Introducción
El cuidado correcto no requiere productos complicados. La mayoría de las piezas se conservan mejor con limpieza suave, secado completo y almacenamiento separado. La frecuencia depende del material y del uso.
Limpieza básica
Un paño suave elimina restos de sudor, polvo y cosméticos. Cuando el fabricante lo permita, puede utilizarse agua tibia con una pequeña cantidad de jabón neutro. Después hay que aclarar y secar completamente.
Los cepillos duros, los estropajos y los productos abrasivos pueden rayar el acabado. Tampoco conviene sumergir piezas con adhesivos, piedras delicadas o componentes cuya composición no esté clara.
Perfume, cremas y productos químicos
Es preferible aplicar perfume, crema corporal o protector solar antes de ponerse los accesorios y esperar a que se absorban. Los productos de limpieza doméstica, la lejía y otros químicos fuertes deben mantenerse alejados de cualquier pieza.
Agua, mar y piscina
Una pieza resistente al agua tolera mejor la humedad, pero el cloro y la sal pueden dejar residuos o acelerar el desgaste. Después del contacto conviene aclarar con agua dulce y secar con un paño suave.
Almacenamiento
Guardar cada pieza por separado reduce los arañazos y evita que las cadenas se enreden. Las bolsas textiles, los compartimentos pequeños y los joyeros con interior suave son soluciones sencillas. El lugar debe estar seco y protegido de la luz directa.

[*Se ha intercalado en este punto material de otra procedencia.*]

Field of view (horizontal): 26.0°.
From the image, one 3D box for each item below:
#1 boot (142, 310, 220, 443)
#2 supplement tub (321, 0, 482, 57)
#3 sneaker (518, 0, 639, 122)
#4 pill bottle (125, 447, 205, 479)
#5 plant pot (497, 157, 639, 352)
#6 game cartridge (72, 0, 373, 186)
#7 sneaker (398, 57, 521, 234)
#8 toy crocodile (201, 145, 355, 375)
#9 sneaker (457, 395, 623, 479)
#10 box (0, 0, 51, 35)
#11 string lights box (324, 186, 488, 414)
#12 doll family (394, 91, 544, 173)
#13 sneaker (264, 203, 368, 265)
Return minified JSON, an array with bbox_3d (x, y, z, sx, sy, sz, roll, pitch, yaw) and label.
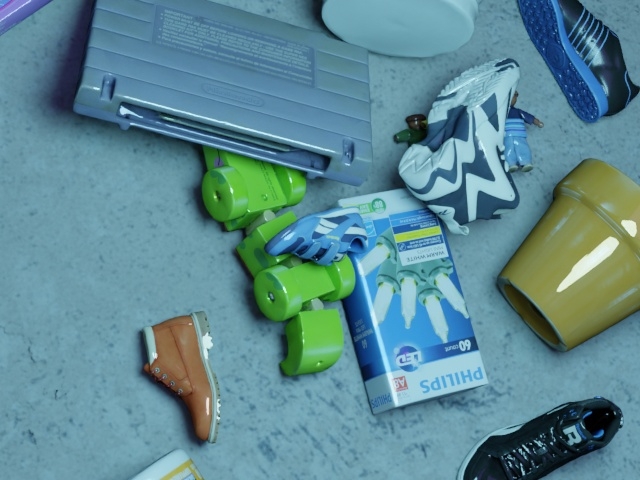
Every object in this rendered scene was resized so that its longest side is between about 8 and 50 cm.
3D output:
[{"bbox_3d":[-0.162,0.165,1.615,0.084,0.059,0.158,-8,70,-17],"label":"boot"},{"bbox_3d":[0.117,-0.416,1.767,0.228,0.228,0.316,13,71,-14],"label":"supplement tub"},{"bbox_3d":[0.352,-0.277,1.890,0.090,0.081,0.232,-27,92,-25],"label":"sneaker"},{"bbox_3d":[-0.142,0.377,1.508,0.152,0.152,0.272,-32,87,-23],"label":"pill bottle"},{"bbox_3d":[0.333,0.034,1.745,0.188,0.205,0.205,-41,90,-7],"label":"plant pot"},{"bbox_3d":[-0.111,-0.196,1.677,0.355,0.068,0.230,14,40,-14],"label":"game cartridge"},{"bbox_3d":[0.201,-0.106,1.724,0.153,0.094,0.235,56,49,-32],"label":"sneaker"},{"bbox_3d":[-0.061,-0.001,1.671,0.115,0.105,0.341,-20,79,-39],"label":"toy crocodile"},{"bbox_3d":[0.273,0.248,1.694,0.216,0.121,0.079,-27,84,-22],"label":"sneaker"},{"bbox_3d":[-0.405,-0.353,1.647,0.293,0.057,0.201,-37,90,-13],"label":"box"},{"bbox_3d":[0.101,0.071,1.710,0.133,0.077,0.260,-12,79,-23],"label":"string lights box"},{"bbox_3d":[0.196,-0.139,1.805,0.193,0.076,0.111,0,71,-23],"label":"doll family"},{"bbox_3d":[0.000,0.000,1.608,0.144,0.053,0.059,-16,78,-37],"label":"sneaker"}]

Consulta siempre los materiales
Las instrucciones cambian según el metal y el recubrimiento. Sisaru explica que gran parte de sus piezas utiliza acero inoxidable 316L y acabado PVD, información útil para ajustar los cuidados al material real.
Conclusión
La constancia es más importante que una limpieza intensa. Un repaso breve después del uso, evitar químicos y almacenar bien las piezas prolonga su aspecto y reduce el deterioro prematuro.